Discovering New Data

栏目: IT技术 · 发布时间: 4年前

Discovering New Data

Illustration by Héizel Vázquez

When you are working in data science one of the hardest parts is discovering which data to use when trying to solve a business problem.

Remember that before trying to get data to solve a problem you need to get the context of a business and the project. With context I mean all the specifics on how a company runs its projects, how the company is established, its competitors, how many departments exist, the different objectives and goals they have, and how they measure success or failure.

When you have all of that you can start thinking about getting the required data to solve the business problem. In this article I won’t talk that much about data collection, instead, I want to discuss and show you the process to enrich the data you already have with new data.

Remember that getting new data has to be done in a systematic fashion, it’s not just getting data out of nowhere, we have to do it consistently, plan it, create a process to do it, and this depends in engineering, architect, DataOps and more things that I’ll be discussing in other articles.

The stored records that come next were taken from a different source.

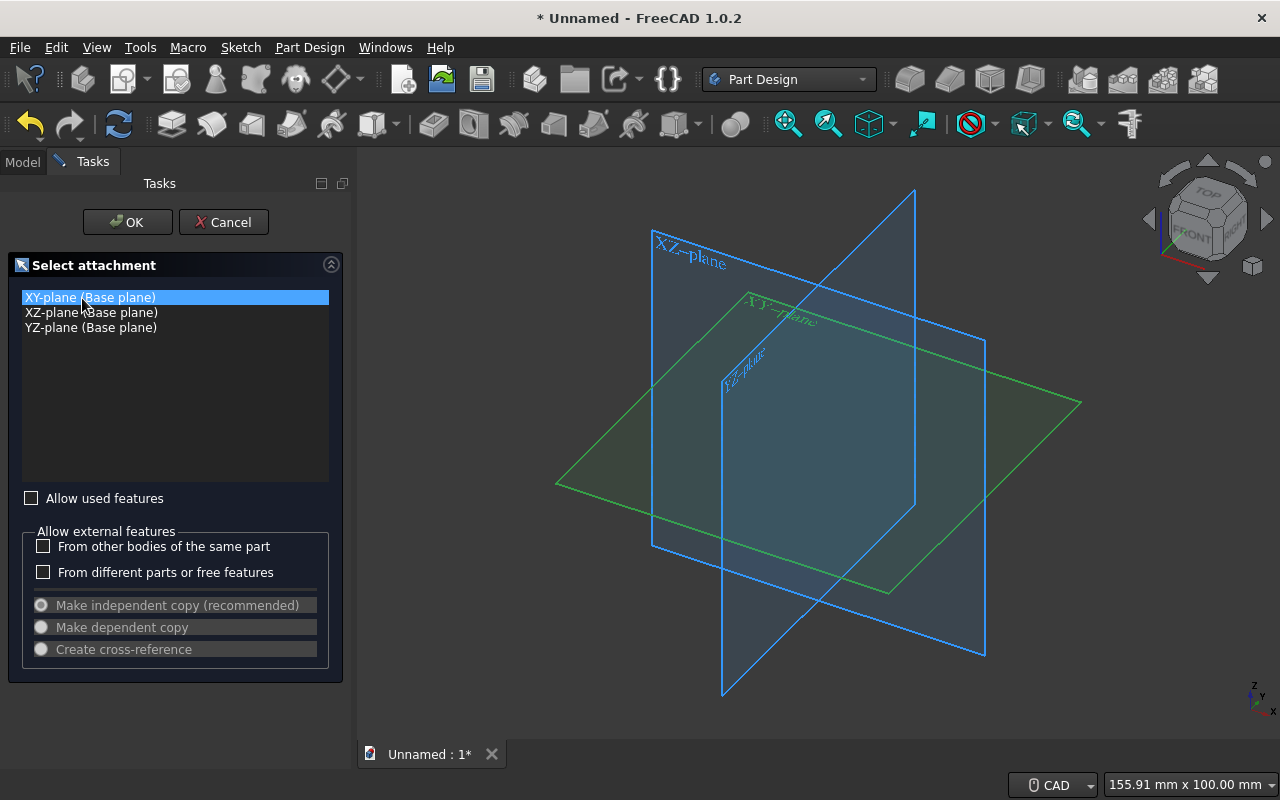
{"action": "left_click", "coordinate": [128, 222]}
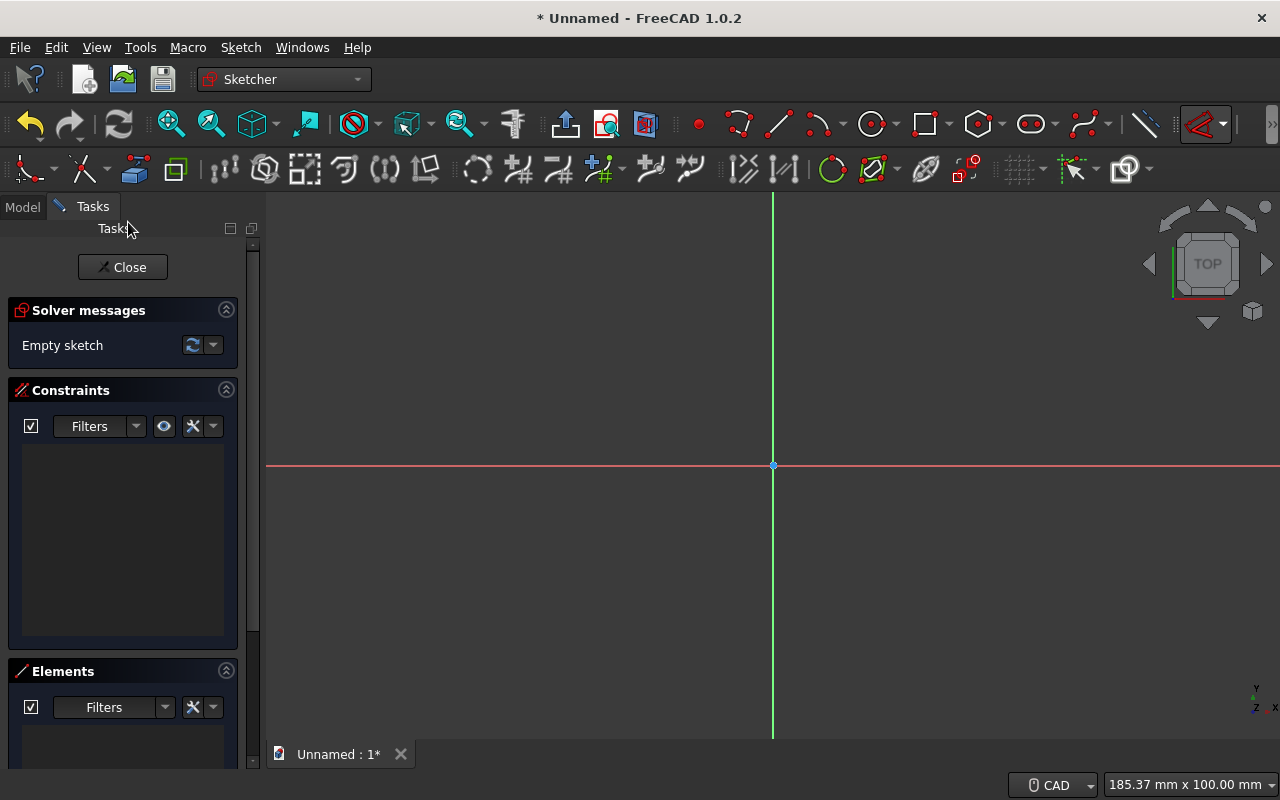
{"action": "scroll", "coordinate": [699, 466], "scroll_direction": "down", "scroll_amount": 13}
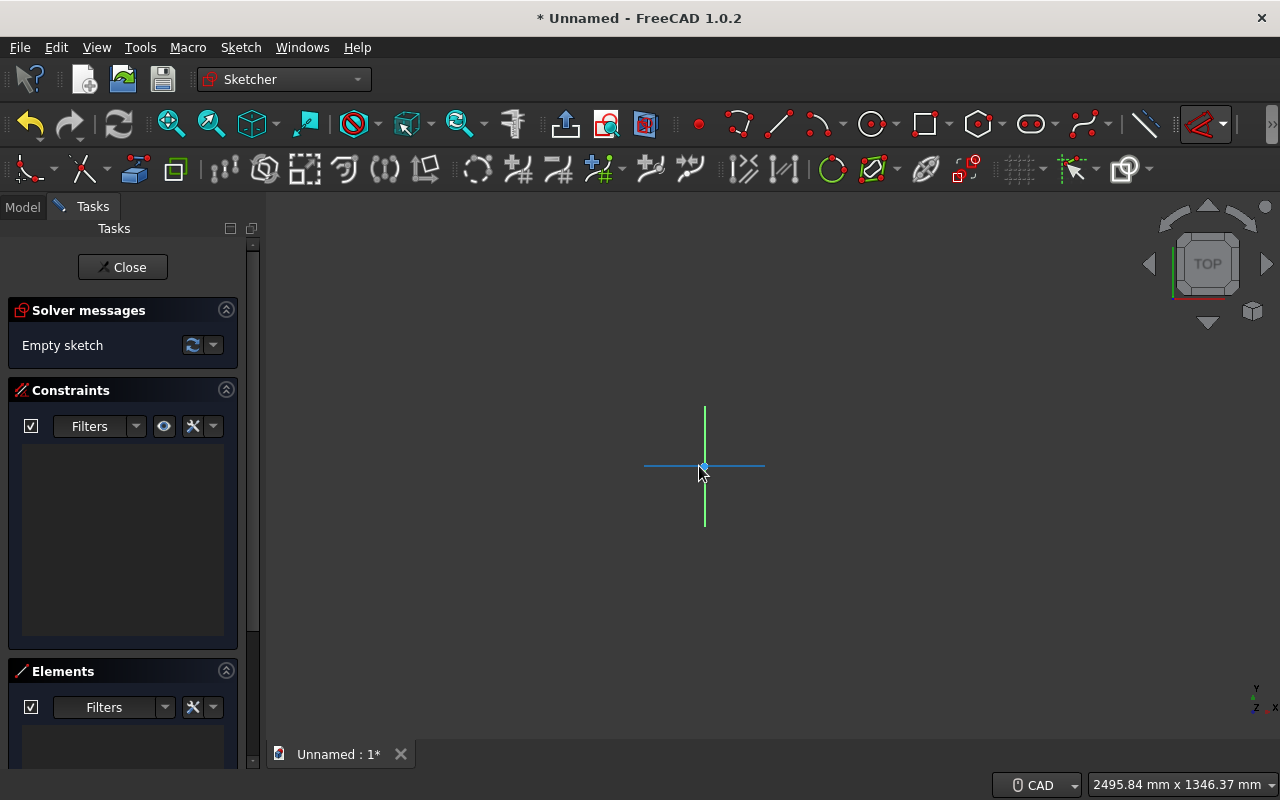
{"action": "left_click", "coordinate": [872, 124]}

Setting up the environment

In this article, we will be using three things: Python, GitHub, and Explorium. If you want to know more about Explorium check this:

Let’s start by creating a new git repo. Here we will be storing our data, code, and documentation. Go to your terminal and create a new folder and move there:

mkdir data_discovery
cd data_discovery

Then initialize the git repo:

git init

Now let’s create a remote repo on GitHub :

Discovering New Data

Now go to your terminal and type (change the URL to yours):

git remote add origin https://github.com/FavioVazquez/data_discovery.git

Now let’s check:

git remote -v

You should see (with your own URL of course):

origin https://github.com/FavioVazquez/data_discovery.git (fetch)
origin https://github.com/FavioVazquez/data_discovery.git (push)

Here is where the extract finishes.